Interestingly, both the four-state composite and global HMMs, which have the same number of hidden states as observational DOFs of the molecular mechanism (Figs. 1b and S2), are unable to differentiate between the two subpopulations. This failure of the four-state models lies both in the inference process and an intrinsic inability of this unconstrained kinetic model to capture the ensemble static heterogeneity. Without constraints to match the apparent four observational DoFs of the ensemble (see Theory), the four-state HMMs (with eight emission DoFs) do not computationally separate the observed emissions centered at 0.0 and 1.0 into the correct underlying hidden states (Fig. S6). Despite the flexibility provided by the additional DoFs, the inferred dynamics for the four-state HMMs are nearly identical to those for the two-state HMMs, when represented using their corresponding ACFs (Fig. S7). To further investigate this behavior, we initialized the inference process of the four-state global HMMs at the correct emission parameters (μis and σis) and the correct steady state fractions πis. While this leads to a better estimation of the emission distribution themselves, where two emission means are clustered around 0.0 and two around 1.0 (Fig. S8a), the corresponding dynamics in the ACF remain unchanged (Fig. S8b). The major error is the inability to correctly identify and assign the observed datapoints to the slow or fast population, and this leads to a single, average Markovian behavior being assigned to states with the same emission means (Fig. S8c). Notably, this error persists even if the inference is initialized at all of the correct parameter values, including the correct transition matrix (Fig. S8d-f). Thus, further DoF constraints are required for accurate kinetic modeling.

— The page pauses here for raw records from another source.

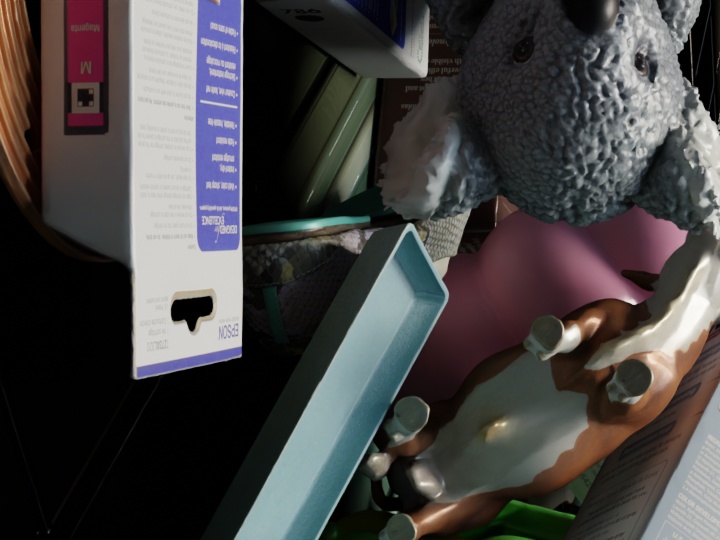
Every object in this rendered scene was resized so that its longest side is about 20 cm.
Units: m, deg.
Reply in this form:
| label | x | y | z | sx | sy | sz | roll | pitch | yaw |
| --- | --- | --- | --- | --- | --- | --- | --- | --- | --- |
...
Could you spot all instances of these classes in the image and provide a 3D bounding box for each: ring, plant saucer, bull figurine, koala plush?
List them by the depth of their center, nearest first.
| label | x | y | z | sx | sy | sz | roll | pitch | yaw |
| --- | --- | --- | --- | --- | --- | --- | --- | --- | --- |
| ring | -0.087 | -0.103 | 0.574 | 0.200 | 0.019 | 0.201 | 1 | 90 | -74 |
| plant saucer | -0.025 | 0.077 | 0.681 | 0.200 | 0.019 | 0.070 | -62 | 154 | -16 |
| bull figurine | 0.083 | 0.052 | 0.754 | 0.065 | 0.200 | 0.121 | 54 | 15 | 15 |
| koala plush | 0.090 | -0.104 | 0.762 | 0.184 | 0.177 | 0.201 | 104 | -13 | -63 |

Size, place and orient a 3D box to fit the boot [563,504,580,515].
| label | x | y | z | sx | sy | sz | roll | pitch | yaw |
| --- | --- | --- | --- | --- | --- | --- | --- | --- | --- |
| boot | 0.095 | 0.255 | 1.021 | 0.165 | 0.066 | 0.200 | 123 | -13 | -50 |

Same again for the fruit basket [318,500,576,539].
| label | x | y | z | sx | sy | sz | roll | pitch | yaw |
| --- | --- | --- | --- | --- | --- | --- | --- | --- | --- |
| fruit basket | 0.053 | 0.190 | 0.846 | 0.216 | 0.155 | 0.216 | 12 | 90 | -74 |

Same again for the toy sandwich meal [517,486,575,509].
| label | x | y | z | sx | sy | sz | roll | pitch | yaw |
| --- | --- | --- | --- | --- | --- | --- | --- | --- | --- |
| toy sandwich meal | 0.086 | 0.108 | 1.065 | 0.205 | 0.070 | 0.206 | 1 | 90 | -73 |

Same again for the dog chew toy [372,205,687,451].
| label | x | y | z | sx | sy | sz | roll | pitch | yaw |
| --- | --- | --- | --- | --- | --- | --- | --- | --- | --- |
| dog chew toy | 0.092 | 0.024 | 0.858 | 0.125 | 0.200 | 0.125 | 48 | 17 | -19 |

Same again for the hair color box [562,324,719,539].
| label | x | y | z | sx | sy | sz | roll | pitch | yaw |
| --- | --- | --- | --- | --- | --- | --- | --- | --- | --- |
| hair color box | 0.147 | 0.104 | 0.800 | 0.200 | 0.061 | 0.099 | -57 | -174 | -29 |

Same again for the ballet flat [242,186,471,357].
| label | x | y | z | sx | sy | sz | roll | pitch | yaw |
| --- | --- | --- | --- | --- | --- | --- | --- | --- | --- |
| ballet flat | 0.000 | 0.000 | 0.778 | 0.200 | 0.072 | 0.072 | -23 | 113 | -65 |

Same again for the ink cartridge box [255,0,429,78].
| label | x | y | z | sx | sy | sz | roll | pitch | yaw |
| --- | --- | --- | --- | --- | --- | --- | --- | --- | --- |
| ink cartridge box | -0.009 | -0.154 | 0.795 | 0.200 | 0.039 | 0.100 | 24 | 68 | -73 |

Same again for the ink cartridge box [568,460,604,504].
| label | x | y | z | sx | sy | sz | roll | pitch | yaw |
| --- | --- | --- | --- | --- | --- | --- | --- | --- | --- |
| ink cartridge box | 0.157 | 0.074 | 1.058 | 0.198 | 0.047 | 0.200 | 52 | 29 | 1 |

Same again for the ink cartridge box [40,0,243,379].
| label | x | y | z | sx | sy | sz | roll | pitch | yaw |
| --- | --- | --- | --- | --- | --- | --- | --- | --- | --- |
| ink cartridge box | -0.065 | -0.069 | 0.556 | 0.095 | 0.037 | 0.201 | -5 | 94 | -74 |

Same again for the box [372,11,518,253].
| label | x | y | z | sx | sy | sz | roll | pitch | yaw |
| --- | --- | --- | --- | --- | --- | --- | --- | --- | --- |
| box | 0.058 | -0.102 | 0.962 | 0.100 | 0.075 | 0.201 | 42 | 53 | -68 |

Indeed, while the four-state models fail to correctly separate the observed emissions without fore-knowledge of the true values, the four-state hierarchical HMM (Fig. S3), which constrains the emission DoFs, is able to do so (Figs. 5 and S6). As a result, the four-state hierarchical HMM is the only ensemble kinetic model we used here that is capable of accurately capturing the statically heterogeneous subpopulations in the ensemble of trajectories. In particular, we see that it is most accurate for intermediate amounts of static heterogeneity where the fraction of fast subpopulation molecules in the ensemble is between 20% and 60%. Deviations from the true values of the transition probabilities outside of this regime can be explained by the hierarchical HMM assigning a non-zero probability to the rate of slow-to-fast interconversion at these levels of static heterogeneity. For our simulated ensembles exhibiting static heterogeneity, these probabilities should be zero, because the subpopulations do not interchange. However, since a constraint limiting this exchange is not explicitly applied for this hierarchical HMM, we observe that non-zero transition probabilities are inferred between the slow and fast subpopulations. Notably, this is the case even in the regime where the hierarchical HMM is the most accurate (Figs. 5 and S9). Instead of a near-infinite free-energy barrier separating the two subpopulations (Fig. 1b), the hierarchical HMM thus infers a finite barrier that may be traversed.

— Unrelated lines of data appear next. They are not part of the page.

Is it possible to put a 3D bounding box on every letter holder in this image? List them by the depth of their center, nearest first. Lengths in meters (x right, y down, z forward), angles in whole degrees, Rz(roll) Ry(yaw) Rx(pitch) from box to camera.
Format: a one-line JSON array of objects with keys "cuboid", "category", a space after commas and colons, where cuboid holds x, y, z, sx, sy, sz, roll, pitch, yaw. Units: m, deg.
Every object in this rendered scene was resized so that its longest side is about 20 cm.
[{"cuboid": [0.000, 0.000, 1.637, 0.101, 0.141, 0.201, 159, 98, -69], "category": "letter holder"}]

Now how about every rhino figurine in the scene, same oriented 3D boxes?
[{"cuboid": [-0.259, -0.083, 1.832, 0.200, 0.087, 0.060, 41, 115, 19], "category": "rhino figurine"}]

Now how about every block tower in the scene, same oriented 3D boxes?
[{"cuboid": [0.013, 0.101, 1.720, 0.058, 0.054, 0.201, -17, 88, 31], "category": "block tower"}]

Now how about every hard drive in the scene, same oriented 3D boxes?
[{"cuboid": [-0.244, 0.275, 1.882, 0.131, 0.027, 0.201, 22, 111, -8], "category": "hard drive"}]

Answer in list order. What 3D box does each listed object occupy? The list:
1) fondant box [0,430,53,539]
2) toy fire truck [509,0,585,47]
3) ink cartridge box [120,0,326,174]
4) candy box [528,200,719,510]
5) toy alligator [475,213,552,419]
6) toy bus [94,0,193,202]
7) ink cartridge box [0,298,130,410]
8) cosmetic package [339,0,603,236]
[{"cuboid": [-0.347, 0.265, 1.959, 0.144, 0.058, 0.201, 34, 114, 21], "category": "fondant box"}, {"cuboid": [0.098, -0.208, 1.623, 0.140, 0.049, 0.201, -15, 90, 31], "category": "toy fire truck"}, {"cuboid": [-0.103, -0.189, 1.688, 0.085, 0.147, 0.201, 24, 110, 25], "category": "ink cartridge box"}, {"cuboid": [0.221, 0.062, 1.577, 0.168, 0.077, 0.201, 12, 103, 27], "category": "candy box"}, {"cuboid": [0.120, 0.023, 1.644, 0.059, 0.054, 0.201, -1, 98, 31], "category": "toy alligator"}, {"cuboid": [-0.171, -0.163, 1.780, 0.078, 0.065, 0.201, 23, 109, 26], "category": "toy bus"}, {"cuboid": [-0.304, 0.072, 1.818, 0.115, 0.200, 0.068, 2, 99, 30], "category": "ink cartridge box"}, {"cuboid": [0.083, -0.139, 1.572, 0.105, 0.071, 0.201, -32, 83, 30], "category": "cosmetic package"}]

Altogether, these results highlight how essential it is to match the correct number of mechanistic and observational DoFs in a molecular mechanism when performing kinetic modeling. Here, static heterogeneity resulted in a reduction of the apparent number of hidden states from four to two (see Theory). A full, four-state HMM with eight emission DoFs was unable to compensate for this reduction. Being over-parameterized for the task, the four-state HMM was unable to correctly identify the two distinct emission states in the dataset. We found that only models with the correct number of emission DoFs were able to identify these states (i.e., both the composite and global two- state HMMs, and the four-state hierarchical HMM). Additionally, none of the HMMs we used had the same number of transition DoFs as the underlying molecular mechanism (i.e., five). The under-parametrized, two-state HMM with two transition DoFs yielded the correct ensemble-averaged transition probabilities but was unable to distinguish between the two subpopulations. On the other hand, the over-parametrized four-state hierarchical HMM with twelve transition DoFs (see Supplementary Information) was able to distinguish between the two subpopulations. However, the seven additional transition DoFs, which correspond to transitions between the two subpopulations, led to inaccuracies when one of the subpopulations had a significantly greater fraction than the other.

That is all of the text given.